“Human beings have a remarkable ability to accept the abnormal and make it normal.”
― Andy Weir, Project Hail Mary

Project Hail Mary by Andy WeirProject Hail Mary is a science fiction novel written by Andy Weir. It was published in 2021. The following review will contain spoilers so please be warned. My Goodreads will have a spoiler-free review.

Prompt: Ryland Grace is the sole survivor on a desperate, last-chance mission in space–and if he fails, humanity and the earth itself will perish.

Except that right now, he doesn’t know that. He can’t even remember his own name, let alone the nature of his assignment or how to complete it. All he knows is that he’s been asleep for a very, very long time. And he’s just been awakened to find himself millions of miles from home, with nothing but two corpses for company. MAJOR SPOILERS AHEAD! Please be warned.

 

Wow. Okay. Remember The Martian? Remember how there was this mission to Mars and this astronaut, Mark Watney is presumed dead so the crew sets their course back to earth. Except that, Mark Watney is not dead! He is stranded on Mars… Great news, we now have another book from the same author and I do think the guy loves the “except that”. 

I squealed from happiness when I saw Audible recommending me this title. No one creates hopeless scenarios and unlikely heroes quite like Mr.Weir. In Project Hail Mary, we are introduced to Ryland Grace. Except that, at the moment he does not quite remember his name. He wakes up from a coma and comes to realize that something is peculiarly off with his surroundings. And that the gravity seems a bit off.
We soon learn that Grace has been sent into space on a desperate mission to save earth from sun sucking space algea! 

YES! Space algea! I bet you did not see that coming. And how can humans fight space algea a.k.a astrophage? It funnily enough turns out that we are not prepared as human species to deal with such things. The book has many flashbacks that play well with Grace regaining his memories from his past and how he ended up in space. Apparently, he is a high school science teacher and ended up on a space mission because he used to study molecular biology (handy for space algea). 

“I gasped. “Wait a minute! Am I a guinea pig? I’m a guinea pig!”
“No, it’s not like that,” she said.
I stared at her.
She stared at me.
I stared at her.
“Okay, it’s exactly like that,” she said.” ― Andy Weir, Project Hail Mary

I think what bugged me a bit about The Martian and Artemis was the fact that there was no alien life. And Weir has read my mind and he has delivered something very special. I am not talking about the astrophage. Weir gives us another alien race. Meet Rocky. An alien from 40 Eridani system, whose planet is also threatened by the space algea. Rocky looks like a giant spider and communicates by musical notes and works together with Grace to save humans and eridians.
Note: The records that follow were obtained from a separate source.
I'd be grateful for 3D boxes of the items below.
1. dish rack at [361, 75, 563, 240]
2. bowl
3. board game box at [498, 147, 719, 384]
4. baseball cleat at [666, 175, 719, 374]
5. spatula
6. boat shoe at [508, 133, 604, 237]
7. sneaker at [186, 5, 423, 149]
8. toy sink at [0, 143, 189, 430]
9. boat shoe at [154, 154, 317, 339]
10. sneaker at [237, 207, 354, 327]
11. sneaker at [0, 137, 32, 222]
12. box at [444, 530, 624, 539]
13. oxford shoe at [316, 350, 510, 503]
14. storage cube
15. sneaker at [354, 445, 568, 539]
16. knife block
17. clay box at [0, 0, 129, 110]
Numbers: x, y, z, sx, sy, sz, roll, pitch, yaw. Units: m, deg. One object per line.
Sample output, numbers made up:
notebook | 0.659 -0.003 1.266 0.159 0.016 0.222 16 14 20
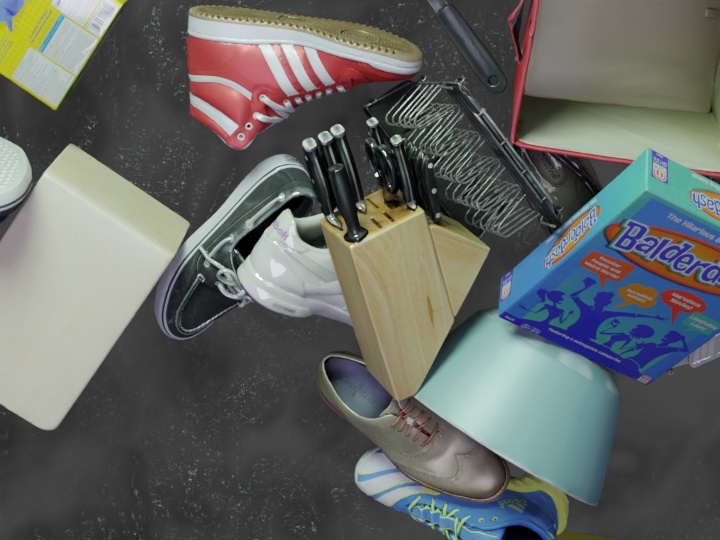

“Good. Proud. I am scary space monster. You are leaky space blob.” He points to the breeder tanks. “Check tanks!” ― Andy Weir, Project Hail Mary

This book rubbed every bookish taste bud I have. A little bit of science that is written in a fun and understandable way, a lot of humor, unlikely and unwanting heroes, a bit of planet saving and the most beautiful friendship you could imagine. Heck, I want to become astrounaut now… or maybe a molecular biologist. Hmmm.

I would rate this 5+/5 stars. Crazy good. And better than The Martian so I added a plus :)

How-To Read Project Hail Mary
1.
This is a must-read for all scifi fans. I love it. I mean… how can you not love it.
2. I guess if you are here, you either mystically avoided spoilers or you have finished the book or you do not care so kills the point of my how-to section. Ah well.
3. I would warmly recommend to listen to this one on Audible because it is fun to listen to Rocky’s melodies. I do not know how that would work in paper?
4. If you love books about alien species… no need to seek any further

“This is happy! Your face opening is in sad mode. Why, question?”